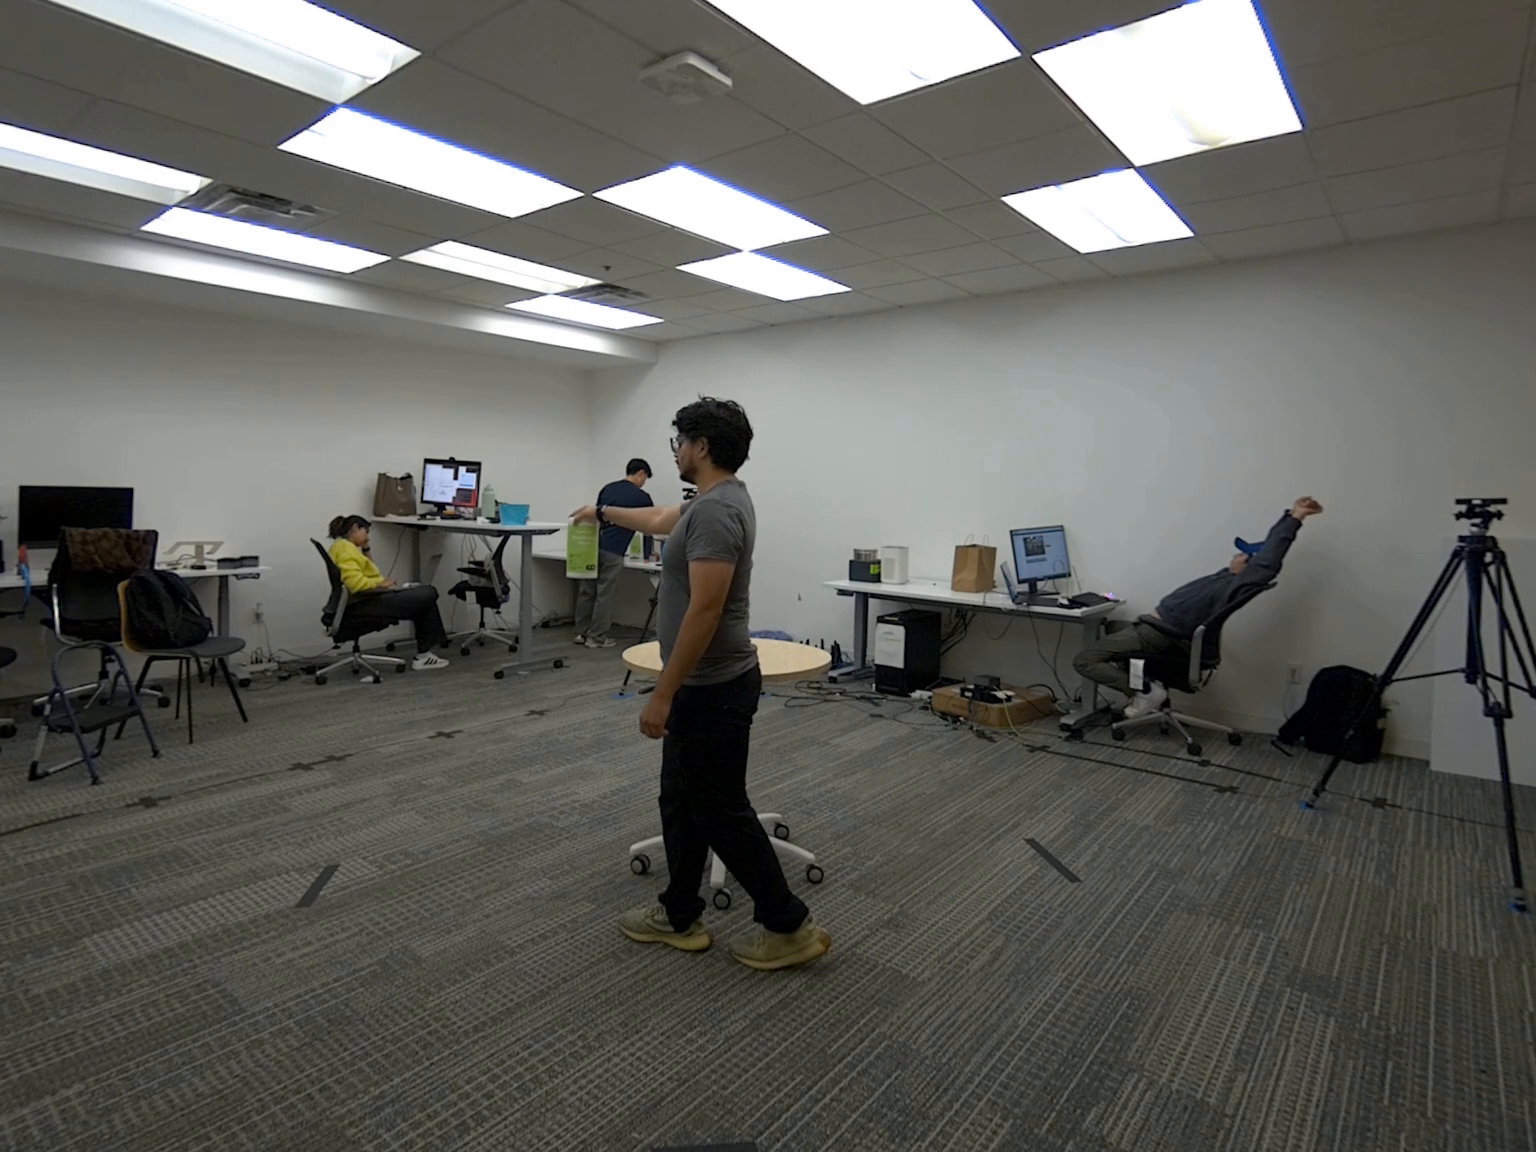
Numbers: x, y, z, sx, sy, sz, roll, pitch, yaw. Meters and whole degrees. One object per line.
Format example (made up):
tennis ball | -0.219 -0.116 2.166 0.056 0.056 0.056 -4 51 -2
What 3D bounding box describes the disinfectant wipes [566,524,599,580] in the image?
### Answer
disinfectant wipes | -0.673 -0.103 3.033 0.118 0.218 0.118 3 -1 -2
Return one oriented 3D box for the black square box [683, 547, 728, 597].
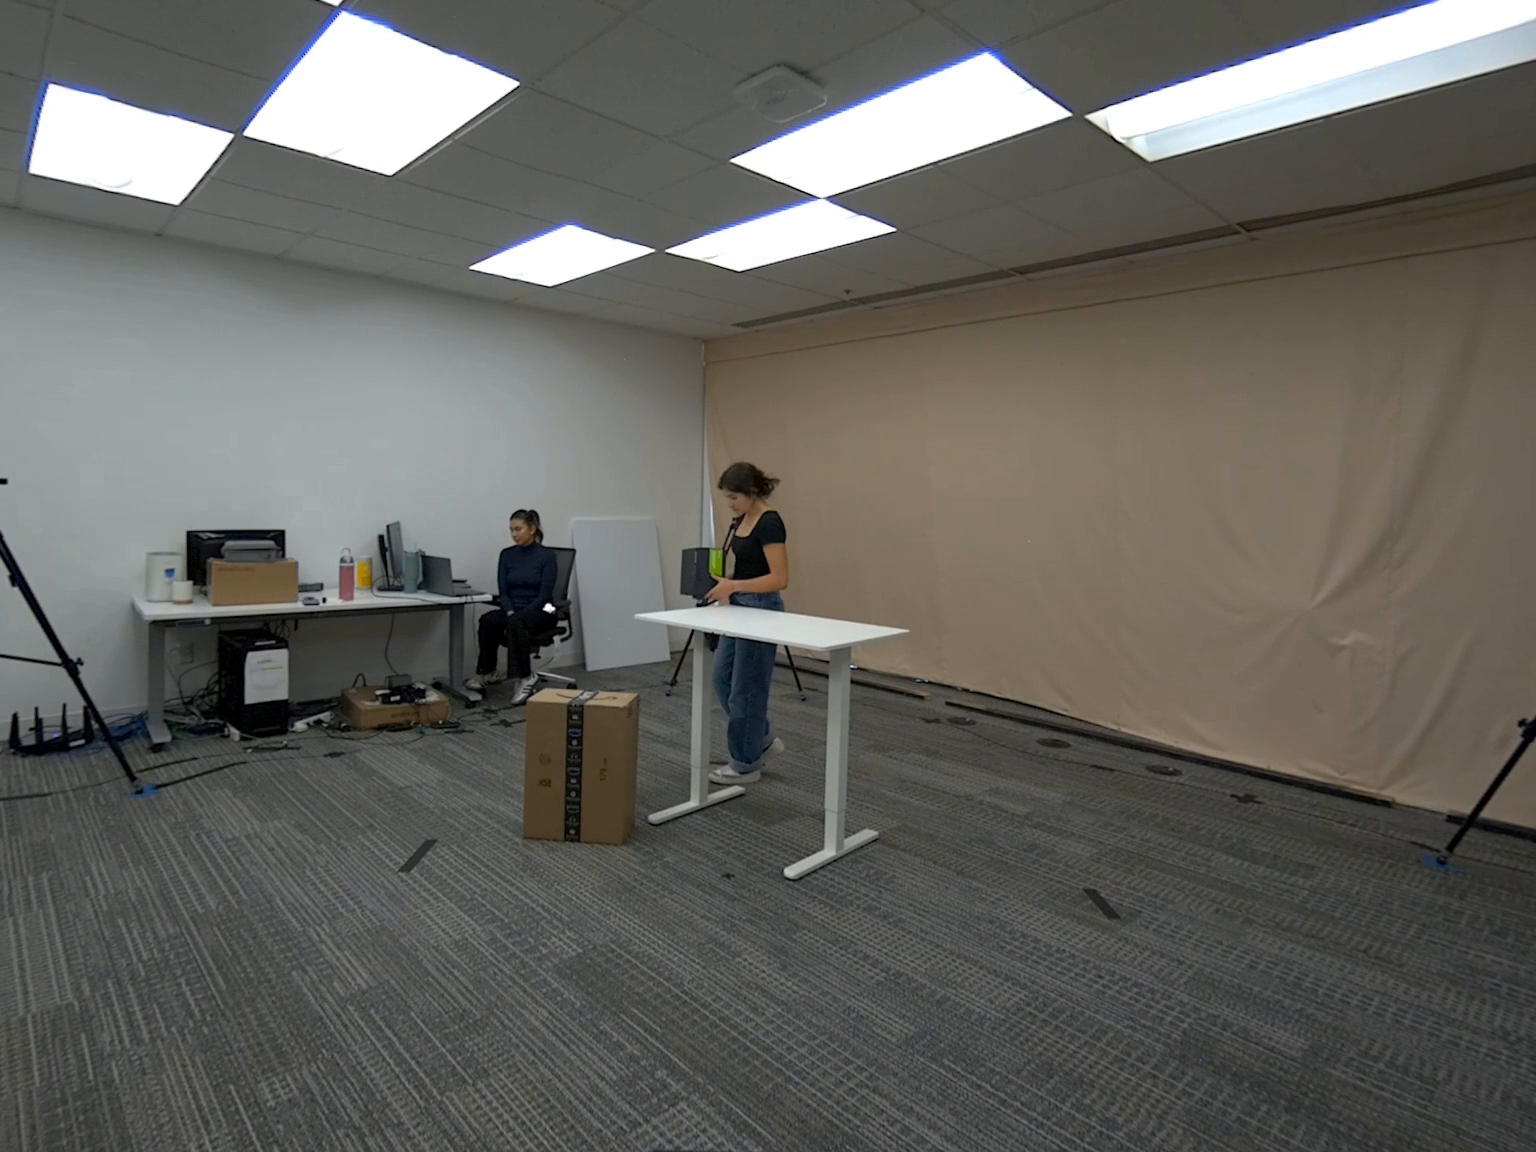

====

What needs to be done: Repeat the listing in full and exactly. Leave any pictures out.

Response for this exercise:
Numbers: x, y, z, sx, sy, sz, roll, pitch, yaw. Meters and whole degrees. One object per line.
Format example (made up):
tennis ball | -0.219 -0.116 2.166 0.056 0.056 0.056 -4 51 -2
What 3D bounding box describes the disinfectant wipes [566,524,599,580] in the image?
### Answer
disinfectant wipes | -0.673 -0.103 3.033 0.118 0.218 0.118 3 -1 -2
Return one oriented 3D box for the black square box [683, 547, 728, 597].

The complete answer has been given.